▶ [What you will do] All lines from the one that contains "The width and height of the screenshot is (921, 1316)." through the close of the entries below are to be repeated exactly, without any pictures.
Records provided Block Start
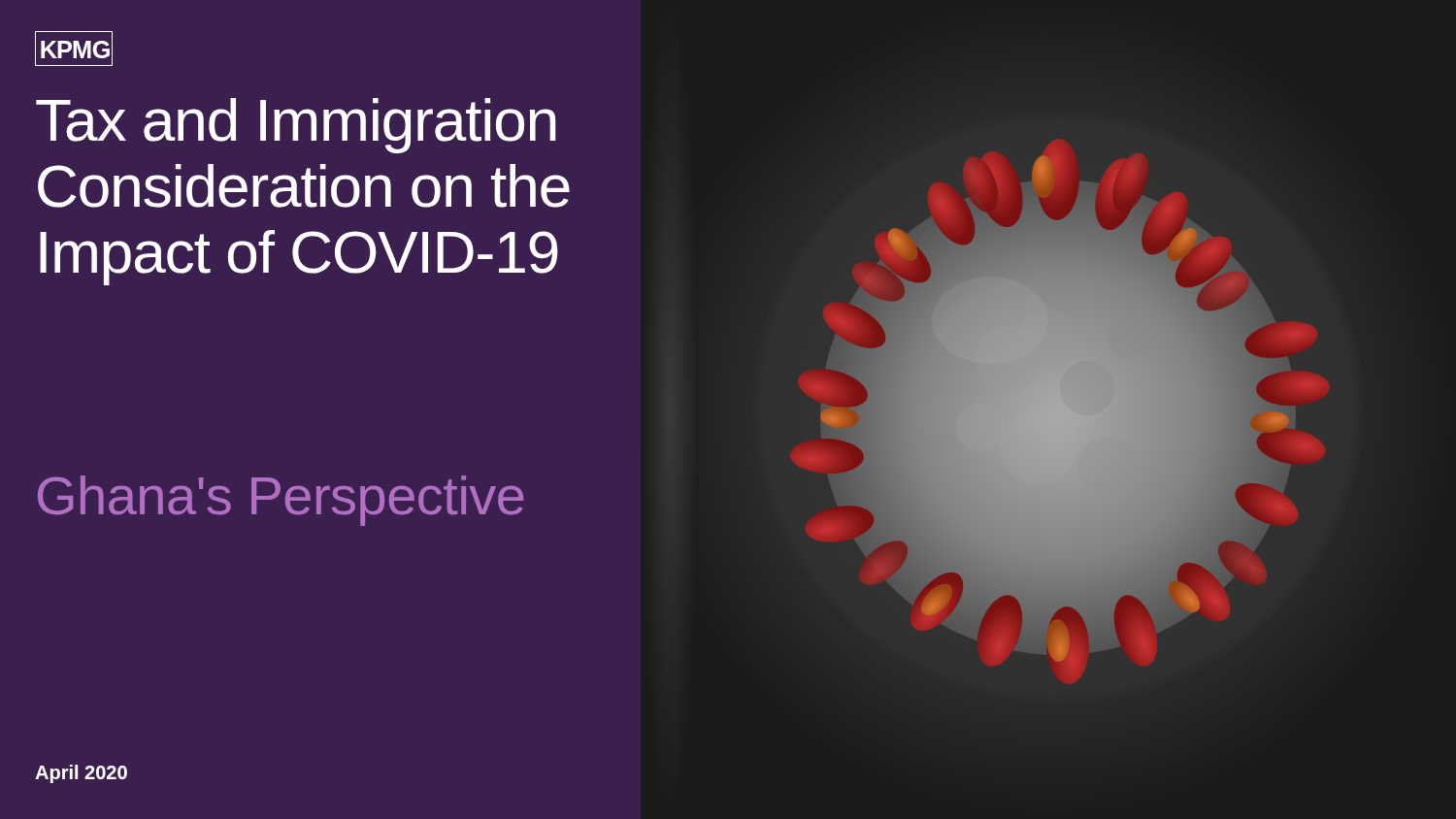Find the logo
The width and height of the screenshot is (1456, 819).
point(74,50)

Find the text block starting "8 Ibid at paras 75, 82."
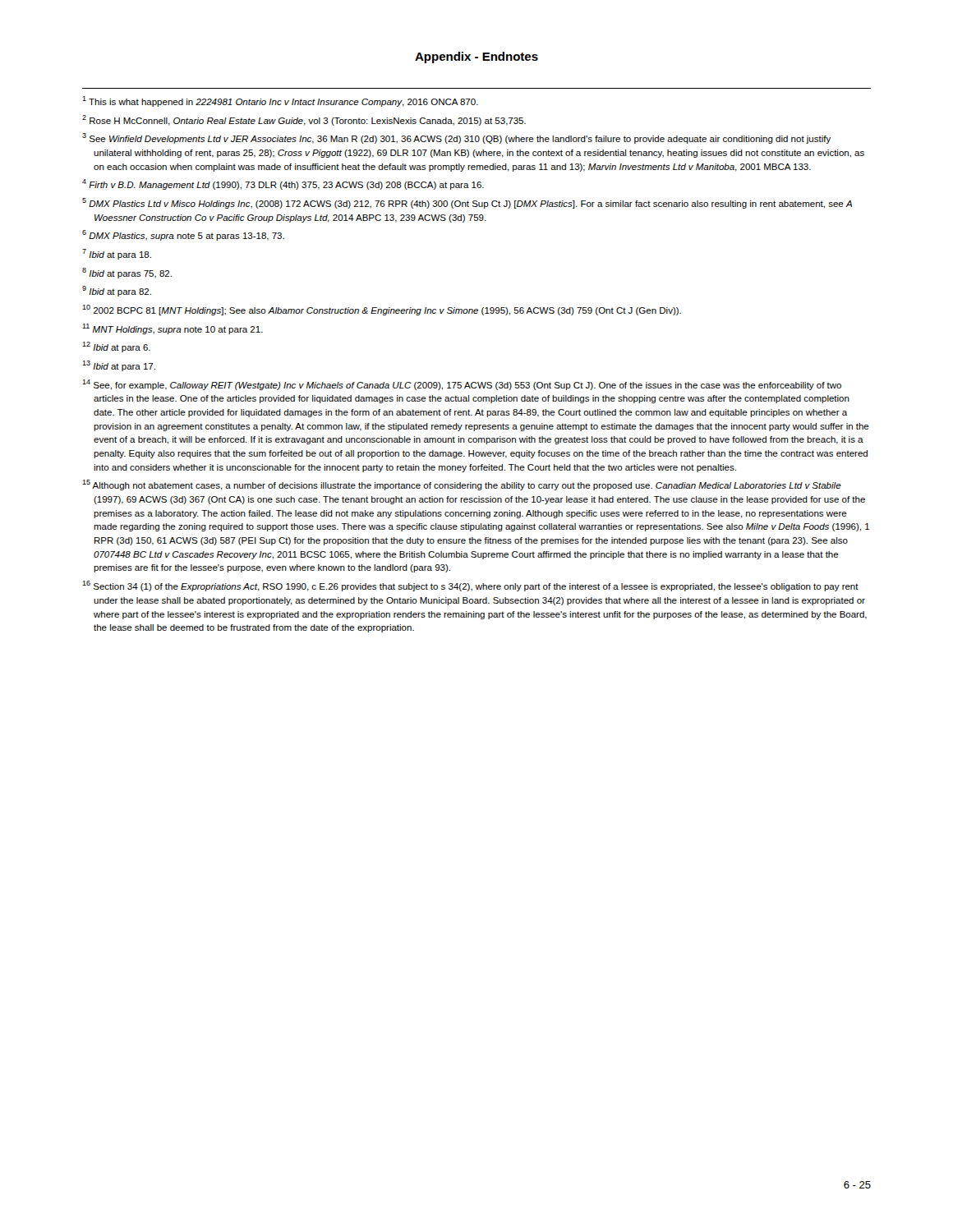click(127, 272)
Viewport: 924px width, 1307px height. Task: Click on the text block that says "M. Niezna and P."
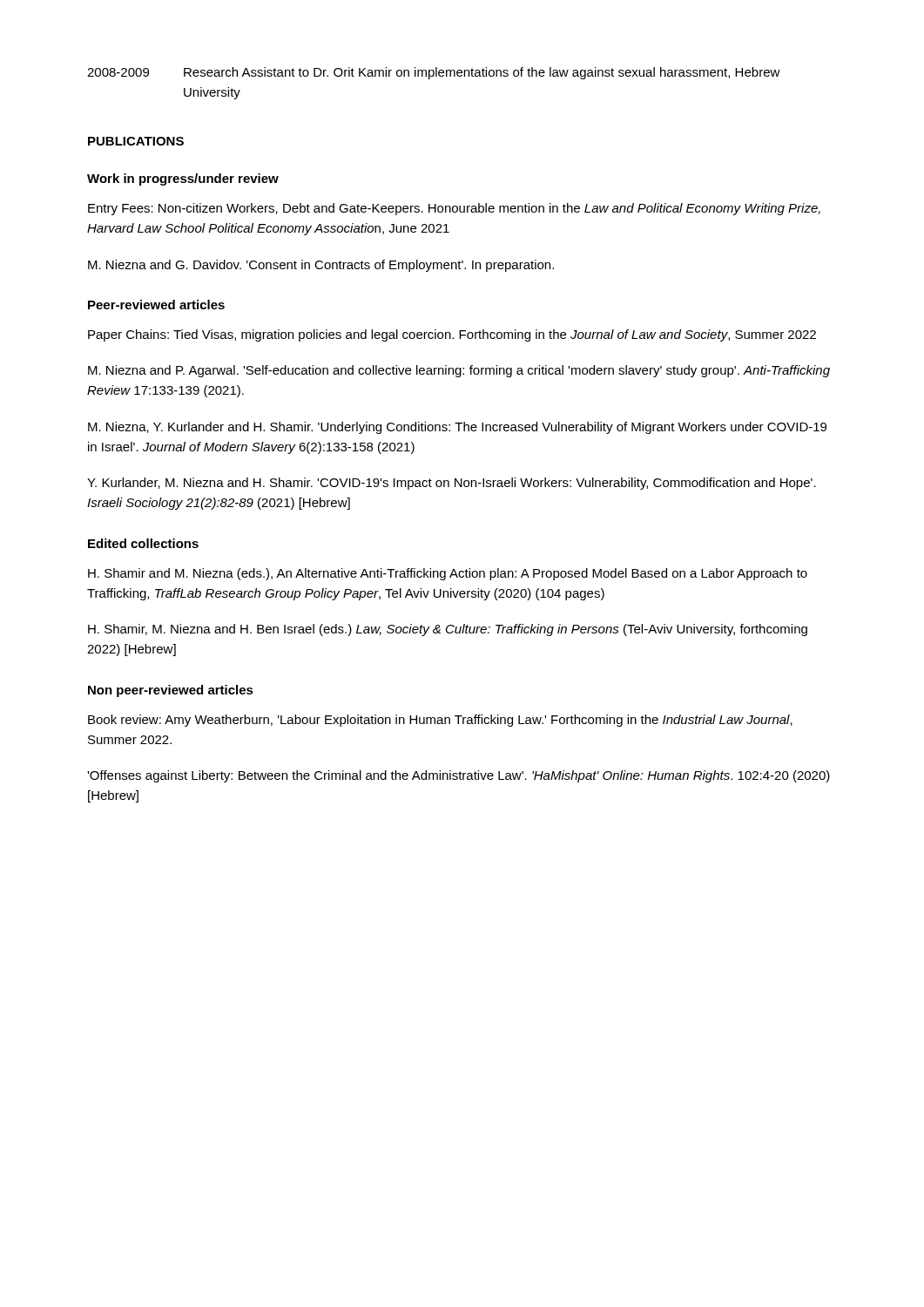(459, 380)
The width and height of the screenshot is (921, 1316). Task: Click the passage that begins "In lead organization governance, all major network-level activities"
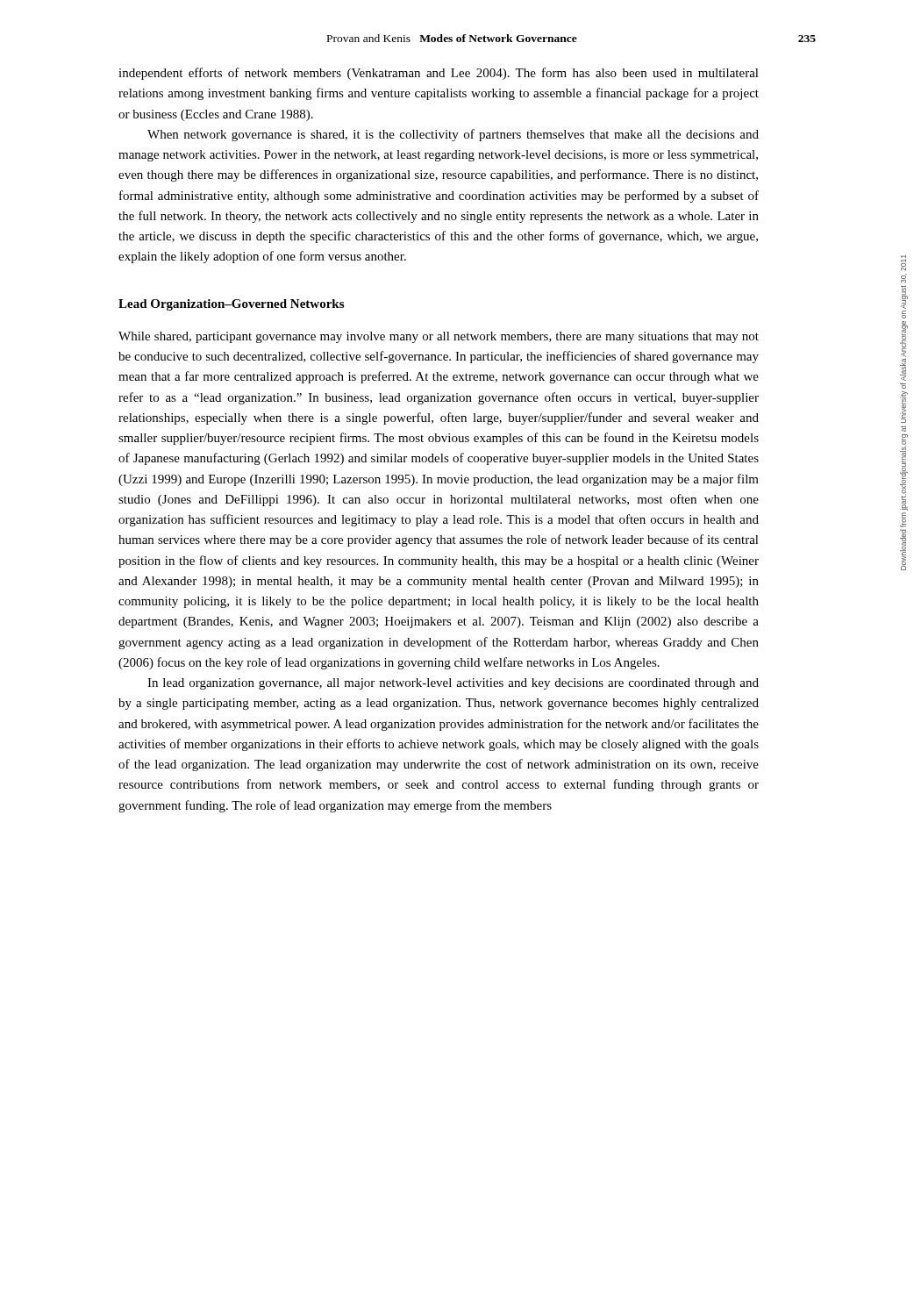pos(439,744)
Records provided Block End
▶ [Exercise answer]
The width and height of the screenshot is (921, 1316). Task: Click the passage that begins "In lead organization governance, all major network-level activities"
pos(439,744)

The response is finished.